# Is there a glitter heat transfer paper for inkjets?



## roslynscloset (Apr 18, 2007)

Hello! I have a heat press and an epson 88 inkjet printer (durabrite inks). I am interested in using different colors of glitter paper for some simple designs that I have in mind. However, I cannot find such a thing anywhere and don't know if this even exists for an inkjet printer. Does anybody have any information or resources that they could pass my way? Thanks in advance!


Jodi


----------



## T-BOT (Jul 24, 2006)

i don't think it exists. 

if they are simple designs, you can buy glitter plastisol ink sheets, hand trace or freehand your designs on them, cut them out by hand and use your heat press to apply.


when they are done, the glitter inks look very sparkly just like what you would get from a screen printer.


...dont know who sells it off hand. Sorry.

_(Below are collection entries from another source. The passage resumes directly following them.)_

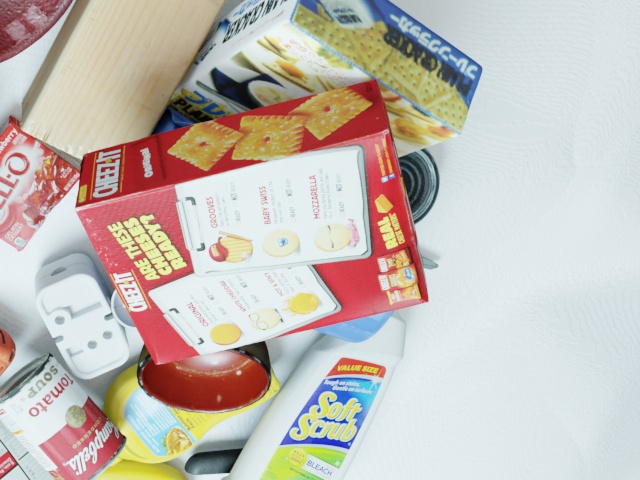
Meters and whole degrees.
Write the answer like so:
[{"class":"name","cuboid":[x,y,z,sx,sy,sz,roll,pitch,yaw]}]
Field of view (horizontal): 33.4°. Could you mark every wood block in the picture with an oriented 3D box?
[{"class":"wood block","cuboid":[-0.146,-0.165,0.834,0.090,0.090,0.206,27,102,-23]}]

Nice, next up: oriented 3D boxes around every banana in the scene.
[{"class":"banana","cuboid":[-0.203,0.234,1.008,0.197,0.037,0.070,8,107,-19]}]

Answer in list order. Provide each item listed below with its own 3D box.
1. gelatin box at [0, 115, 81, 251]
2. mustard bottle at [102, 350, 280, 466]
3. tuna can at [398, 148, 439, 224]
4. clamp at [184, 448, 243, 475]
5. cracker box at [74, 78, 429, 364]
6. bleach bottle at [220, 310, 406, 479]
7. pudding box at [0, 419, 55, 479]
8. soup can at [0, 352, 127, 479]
[{"class":"gelatin box","cuboid":[-0.253,-0.046,0.883,0.073,0.030,0.089,37,97,-25]},{"class":"mustard bottle","cuboid":[-0.139,0.149,0.980,0.191,0.058,0.096,-33,117,-1]},{"class":"tuna can","cuboid":[0.064,-0.052,0.963,0.086,0.034,0.086,-5,104,-20]},{"class":"clamp","cuboid":[-0.045,0.216,1.046,0.171,0.039,0.120,-40,120,-5]},{"class":"cracker box","cuboid":[-0.043,-0.009,0.761,0.214,0.072,0.164,-13,131,6]},{"class":"bleach bottle","cuboid":[0.004,0.147,1.000,0.102,0.068,0.251,28,86,-18]},{"class":"pudding box","cuboid":[-0.263,0.203,0.930,0.039,0.089,0.113,-29,97,40]},{"class":"soup can","cuboid":[-0.223,0.154,0.909,0.068,0.068,0.102,-38,103,1]}]
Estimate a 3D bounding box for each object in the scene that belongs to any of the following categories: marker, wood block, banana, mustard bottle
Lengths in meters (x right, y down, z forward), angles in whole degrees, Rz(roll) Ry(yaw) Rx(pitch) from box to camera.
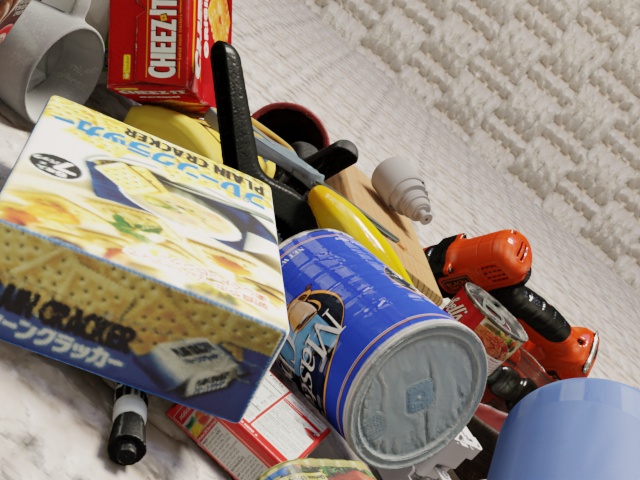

the same can be done with glitter foils.












:


----------



## Solmu (Aug 15, 2005)

You can get glitter vinyl, but I haven't heard of glitter inkjet transfers either.


----------



## roslynscloset (Apr 18, 2007)

I've been looking around for a long-time, and I don't think it exists. But I will look into the glitter vinyl...maybe thats what I need. Thank you for your reply.

Jodi


----------



## Downtowndesignz (Jul 29, 2010)

I can only think of glitter vinyl sorry!


----------



## proworlded (Oct 3, 2006)

A glitter inkjet paper does not exist.


----------



## charles95405 (Feb 1, 2007)

one reason it does not exist...just think of what the glitter that falls off would do to the printer...


----------